Required action:
Please copy out the entries below exactly, beginning with the line that contains "3) pear [0,0,33,41]" and ending with the line that contains "- box [248,442,328,479]", and include nothing outside that span.
++++
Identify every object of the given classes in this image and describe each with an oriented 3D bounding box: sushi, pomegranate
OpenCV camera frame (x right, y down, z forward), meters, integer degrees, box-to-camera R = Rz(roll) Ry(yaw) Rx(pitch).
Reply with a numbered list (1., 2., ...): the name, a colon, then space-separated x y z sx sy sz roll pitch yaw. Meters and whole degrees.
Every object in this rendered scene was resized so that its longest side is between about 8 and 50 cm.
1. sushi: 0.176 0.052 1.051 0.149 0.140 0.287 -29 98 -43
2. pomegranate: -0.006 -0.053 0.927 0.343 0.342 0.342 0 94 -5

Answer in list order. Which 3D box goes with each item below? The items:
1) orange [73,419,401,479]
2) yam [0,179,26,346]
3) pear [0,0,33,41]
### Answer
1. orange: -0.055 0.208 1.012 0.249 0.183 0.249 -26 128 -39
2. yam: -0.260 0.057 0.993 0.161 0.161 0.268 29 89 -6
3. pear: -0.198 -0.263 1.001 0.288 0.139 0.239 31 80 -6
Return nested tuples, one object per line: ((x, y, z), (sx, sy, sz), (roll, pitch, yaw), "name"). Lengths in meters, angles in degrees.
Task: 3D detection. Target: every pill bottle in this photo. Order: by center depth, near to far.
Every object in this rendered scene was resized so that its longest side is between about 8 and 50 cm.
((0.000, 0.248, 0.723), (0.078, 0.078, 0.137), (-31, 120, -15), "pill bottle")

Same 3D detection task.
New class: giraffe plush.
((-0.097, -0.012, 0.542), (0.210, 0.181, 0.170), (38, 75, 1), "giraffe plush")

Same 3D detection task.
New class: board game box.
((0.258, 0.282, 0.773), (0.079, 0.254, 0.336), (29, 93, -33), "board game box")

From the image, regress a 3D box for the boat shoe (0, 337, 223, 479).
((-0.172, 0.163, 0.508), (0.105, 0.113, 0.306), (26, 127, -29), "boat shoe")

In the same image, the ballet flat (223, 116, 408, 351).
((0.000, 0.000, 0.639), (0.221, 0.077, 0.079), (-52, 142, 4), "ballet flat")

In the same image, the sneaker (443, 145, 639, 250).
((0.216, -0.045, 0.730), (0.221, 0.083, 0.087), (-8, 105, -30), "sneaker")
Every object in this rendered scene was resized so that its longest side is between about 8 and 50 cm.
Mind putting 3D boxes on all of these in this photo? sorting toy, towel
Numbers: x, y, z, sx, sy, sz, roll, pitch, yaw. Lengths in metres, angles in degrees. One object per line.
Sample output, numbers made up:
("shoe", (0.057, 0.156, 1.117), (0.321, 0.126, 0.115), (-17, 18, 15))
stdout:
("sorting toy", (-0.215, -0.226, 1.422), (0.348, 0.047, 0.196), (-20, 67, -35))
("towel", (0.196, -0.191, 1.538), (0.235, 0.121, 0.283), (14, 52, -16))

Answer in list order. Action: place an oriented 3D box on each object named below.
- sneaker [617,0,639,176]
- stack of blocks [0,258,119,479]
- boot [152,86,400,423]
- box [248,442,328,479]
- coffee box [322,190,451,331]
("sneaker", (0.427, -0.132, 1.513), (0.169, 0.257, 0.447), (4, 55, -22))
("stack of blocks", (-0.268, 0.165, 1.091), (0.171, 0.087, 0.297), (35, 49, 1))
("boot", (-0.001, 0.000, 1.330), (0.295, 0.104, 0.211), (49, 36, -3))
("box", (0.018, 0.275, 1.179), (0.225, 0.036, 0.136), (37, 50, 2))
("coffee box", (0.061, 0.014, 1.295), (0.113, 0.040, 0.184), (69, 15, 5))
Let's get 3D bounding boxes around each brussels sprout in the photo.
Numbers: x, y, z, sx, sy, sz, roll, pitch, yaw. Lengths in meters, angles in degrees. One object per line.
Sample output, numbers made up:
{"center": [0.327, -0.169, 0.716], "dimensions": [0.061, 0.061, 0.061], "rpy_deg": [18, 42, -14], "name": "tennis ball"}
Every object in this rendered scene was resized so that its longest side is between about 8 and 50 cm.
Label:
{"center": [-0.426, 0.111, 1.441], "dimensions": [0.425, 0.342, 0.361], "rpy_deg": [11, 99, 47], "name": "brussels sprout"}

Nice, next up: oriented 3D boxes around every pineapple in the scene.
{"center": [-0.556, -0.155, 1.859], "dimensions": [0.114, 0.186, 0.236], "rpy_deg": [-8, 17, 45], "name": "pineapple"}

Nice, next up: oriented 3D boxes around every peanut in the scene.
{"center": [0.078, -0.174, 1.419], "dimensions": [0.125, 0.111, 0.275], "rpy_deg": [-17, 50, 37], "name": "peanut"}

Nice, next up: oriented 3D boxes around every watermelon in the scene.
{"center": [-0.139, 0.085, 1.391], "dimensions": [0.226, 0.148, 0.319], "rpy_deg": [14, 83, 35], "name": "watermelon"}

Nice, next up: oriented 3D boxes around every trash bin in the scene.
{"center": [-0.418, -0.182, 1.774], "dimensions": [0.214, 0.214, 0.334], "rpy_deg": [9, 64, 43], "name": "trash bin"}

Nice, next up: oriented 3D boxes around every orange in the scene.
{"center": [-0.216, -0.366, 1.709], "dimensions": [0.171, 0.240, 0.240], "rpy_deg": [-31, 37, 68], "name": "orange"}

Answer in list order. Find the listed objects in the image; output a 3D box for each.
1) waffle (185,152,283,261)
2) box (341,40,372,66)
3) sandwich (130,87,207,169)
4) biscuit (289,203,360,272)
++++
Answer for the task:
3) pear [0,0,33,41]
### Answer
1. orange: -0.055 0.208 1.012 0.249 0.183 0.249 -26 128 -39
2. yam: -0.260 0.057 0.993 0.161 0.161 0.268 29 89 -6
3. pear: -0.198 -0.263 1.001 0.288 0.139 0.239 31 80 -6
Return nested tuples, one object per line: ((x, y, z), (sx, sy, sz), (roll, pitch, yaw), "name"). Lengths in meters, angles in degrees.
Task: 3D detection. Target: every pill bottle in this photo. Order: by center depth, near to far.
Every object in this rendered scene was resized so that its longest side is between about 8 and 50 cm.
((0.000, 0.248, 0.723), (0.078, 0.078, 0.137), (-31, 120, -15), "pill bottle")

Same 3D detection task.
New class: giraffe plush.
((-0.097, -0.012, 0.542), (0.210, 0.181, 0.170), (38, 75, 1), "giraffe plush")

Same 3D detection task.
New class: board game box.
((0.258, 0.282, 0.773), (0.079, 0.254, 0.336), (29, 93, -33), "board game box")

From the image, regress a 3D box for the boat shoe (0, 337, 223, 479).
((-0.172, 0.163, 0.508), (0.105, 0.113, 0.306), (26, 127, -29), "boat shoe")

In the same image, the ballet flat (223, 116, 408, 351).
((0.000, 0.000, 0.639), (0.221, 0.077, 0.079), (-52, 142, 4), "ballet flat")

In the same image, the sneaker (443, 145, 639, 250).
((0.216, -0.045, 0.730), (0.221, 0.083, 0.087), (-8, 105, -30), "sneaker")
Every object in this rendered scene was resized so that its longest side is between about 8 and 50 cm.
Mind putting 3D boxes on all of these in this photo? sorting toy, towel
Numbers: x, y, z, sx, sy, sz, roll, pitch, yaw. Lengths in metres, angles in degrees. One object per line.
Sample output, numbers made up:
("shoe", (0.057, 0.156, 1.117), (0.321, 0.126, 0.115), (-17, 18, 15))
stdout:
("sorting toy", (-0.215, -0.226, 1.422), (0.348, 0.047, 0.196), (-20, 67, -35))
("towel", (0.196, -0.191, 1.538), (0.235, 0.121, 0.283), (14, 52, -16))

Answer in list order. Action: place an oriented 3D box on each object named below.
- sneaker [617,0,639,176]
- stack of blocks [0,258,119,479]
- boot [152,86,400,423]
- box [248,442,328,479]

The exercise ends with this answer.